デザインとアートの関係は、基礎研究と応用研究の関係に似ている
デザインとアートの違いは、
- デザイン→問題解決(客観的に理解されなくてはならない)
- アート→表現(客観的な理解を必ずしも必要としない)
ということは良く言われています。
下記のブログ記事が非常にわかりやすいので、読みながら非常にうなずきました。
デザインとアートの関係
デザインの職業訓練に通い始めてから、デザインとアートについて考えるようになりました。
デザイナー寄りの先生と、アーティスト寄りの先生両方に講義を受ける機会があるので、思考が刺激されるようです。
デザイナー寄りの先生は「情報をきちんと調べて考えなさい」。
アーティスト寄りの先生は「ぶっとんだことをやってみましょう」。
デザインは、論理と過去例を含めた情報の収集・組み合わせ・整理と配置、応用が主な内容です。
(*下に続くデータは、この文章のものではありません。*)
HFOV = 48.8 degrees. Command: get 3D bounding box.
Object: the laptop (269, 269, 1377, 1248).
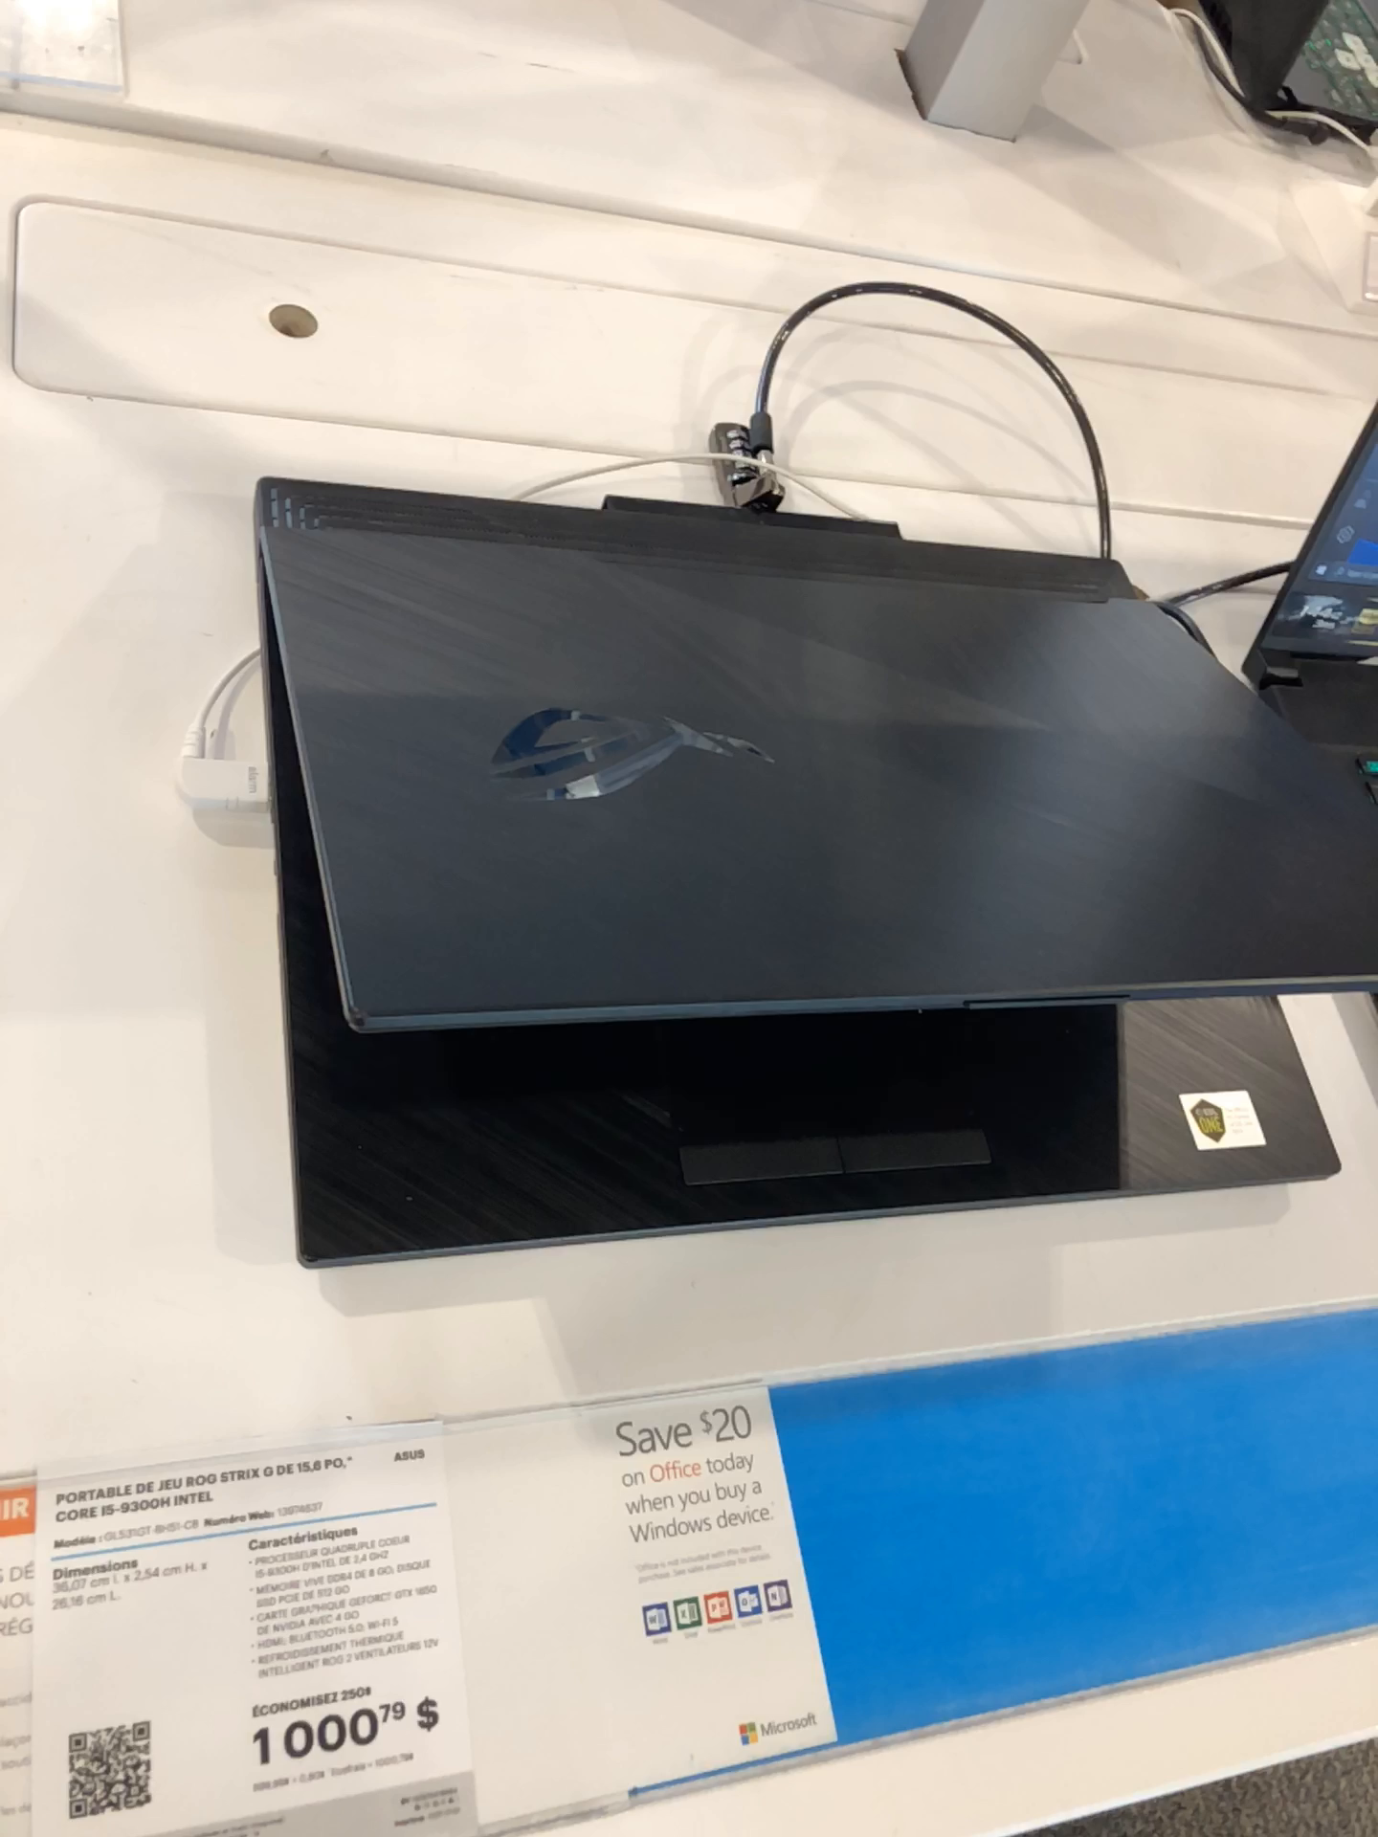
[{"bbox_3d":[0.046,-0.053,0.480,0.331,0.097,0.263,0,62,-19],"label":"laptop"}]

しかし、『ぶっとぶ』ことは、意図的にそうできるものではないように思います。
偉人の伝記などを読むと、天才と呼ばれるような人は本人が意図して『ぶっとんだ』という訳ではなさそうです。
熱意や発想、頭脳、探求心などが、結果的にそうさせている。
また、成功事例の裏では膨大な試行錯誤があり、夢半ばで途絶えてしまった道筋もあり……美大を出ても食べていけるのは一握り、という話も思い出されます。
そこまで考えたところで、これは基礎研究と応用研究の構造と似ているということに気がつきました。
基礎研究と応用研究
基礎研究
学術的な知識や,製品や利益に直接結び付くことのない技術と理論の発見に関する研究活動。一般に時間と費用が掛かる。
ブリタニカ国際大百科事典 小項目事典より
応用研究
基礎的な技術や理論を現実の製品に結び付けるための研究活動。ここでは特定の開発目的に合致するように研究計画が立てられ,定められた期限と予算の中で一定の成果が上げられることが要求される。
ブリタニカ国際大百科事典 小項目事典より
最近、研究費用が足りないという話題をちょくちょく見かけるのですが、特にすぐに成果と結びつきづらい、基礎研究と呼ばれる分野で顕著なようです。
デザインが過去の事例や技術などの情報を元にする『応用研究』なら、認められるのはごく一部のアートは『基礎研究』にそのままあたると感じました。
まとめ:基礎研究も応用研究もどちらも大事にしたい
私自身はどちらのタイプかと考えてみると、どちらの要素も持ち合わせている部分があるように思います。
たとえば、デザイン的に問題解決や成果を目指すことは純粋にパズルのようで楽しいし、一方でひたすら興味のある分野(今だと柿渋染めや和紙とか)の技法を突き詰めてみるのも好きです。
たぶん、どちらも一度熱中したら寝食を忘れるタイプだと思います。
だからといってどちらかしかやらない、というのもきっと疲れてしまうので、そのときどきでやりたいことをバランスを取りながらやっていきたい、と思ったのでした。
パソコン上でのデザインの勉強はしているのですが、それと並行して、手を動かして、リアルにある物を作ってもみたり研究したりしたいという衝動にも駆られています。
今までの経験上、どちらもしっかりやり込んでみると、後々意外な組み合わせとか活用方法を思いついたりすることも多いので、そういうのはとてもわくわくします。
追記:将来的にどうなりたいか
トスさんの記事を拝見してなんとなく以前から考えていたことが、最近やっとまとまりました。
私はたぶん、天才型でもアーティスト型でもないので、デザイナー寄りだなと思います。特に自分のデザインしたもので世界的に有名になりたいとか、そういう訳でもないですし。
ただ、どういうデザイナーになりたいかというのは、特にイメージがなかったのです。
実は授業でも「良いデザイナーとは」といったお題が出た訳ですが、クライアントの成果に寄与できること、また誠実であることが良いデザイナーの条件ではないかなと考えています。
デザインを悪用すれば品質の悪いものを実物以上に見せることもできますし、データの表示方法やサービス内容を誤魔化すことも可能です。
誠実というのはクライアントに対してだけでなく、自分がデザインしたものを見たり使ったりする人に対しても誠実でありたいと考えています。
同時に、デザインと並行してたとえば染物の研究など、そのとき興味のある分野の基礎研究的な部分のあることもやっていきたい……というのは上に述べた通りです。
成果を出すためには広範な知識があった方がいいでしょうし、誠実でありたいならそれが通せるだけの技量も身につけなくてはいけない。
基礎研究はすぐに成果が出るとは限らないし、時間もかかる。
そういうことのバランスを取りながら、上手なサイクルを回していければなあと思っています。